As feature sizes have shrunk and design tools improved over the years, the maximum complexity (and hence functionality) has increased from 5000 gates to 20 million or more. Modern ASICs often include 32-bit processors and other large building-blocks. Many people refer to such an ASIC as a SoC - System on a Chip.

The use of intellectual property (IP) in ASICs has become a growing trend. Many ASIC houses have had standard cell libraries for years. However IP takes the reuse of designs to a new level. Designers of most complex digital ICs now utilise computer languages that describe electronics rather than code. Many organizations now sell tested functional blocks written in these languages.
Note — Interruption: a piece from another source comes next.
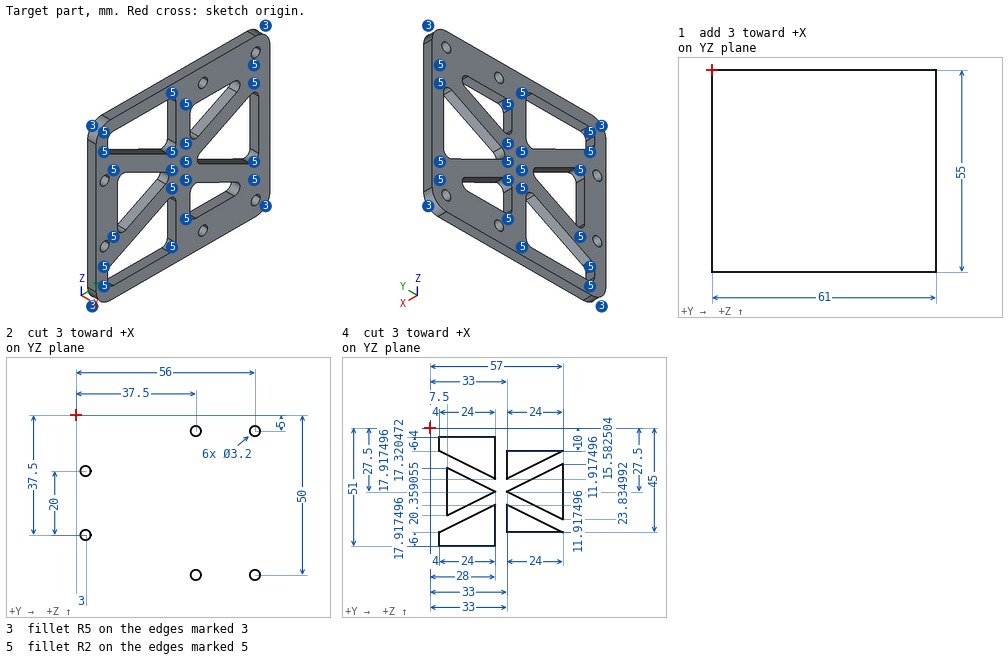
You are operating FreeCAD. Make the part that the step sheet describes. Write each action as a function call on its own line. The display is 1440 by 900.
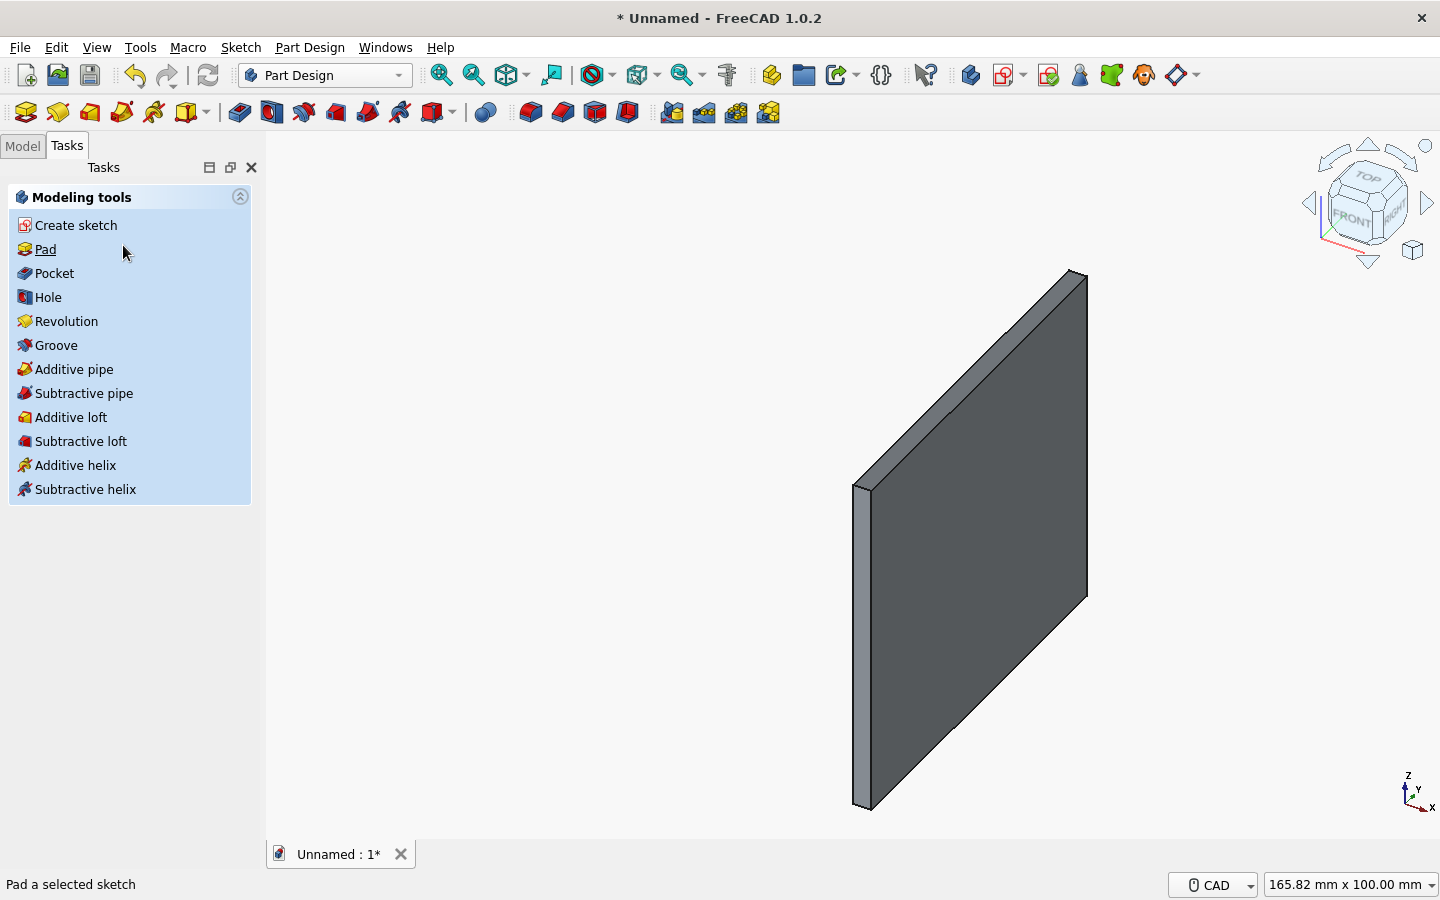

For example, one can purchase CPUs, ethernet or telephone interfaces.

For smaller designs and/or lower production volumes, ASICs have started to become a less attractive solution, as field-programmable gate arrays (FPGAs) grow larger, faster and more capable. Some SoCs consist of a microprocessor, various types of memory and a large FPGA.

So having said, this blog is dedicated to Digital Electronics, VLSI, ASICs, SOCs etc.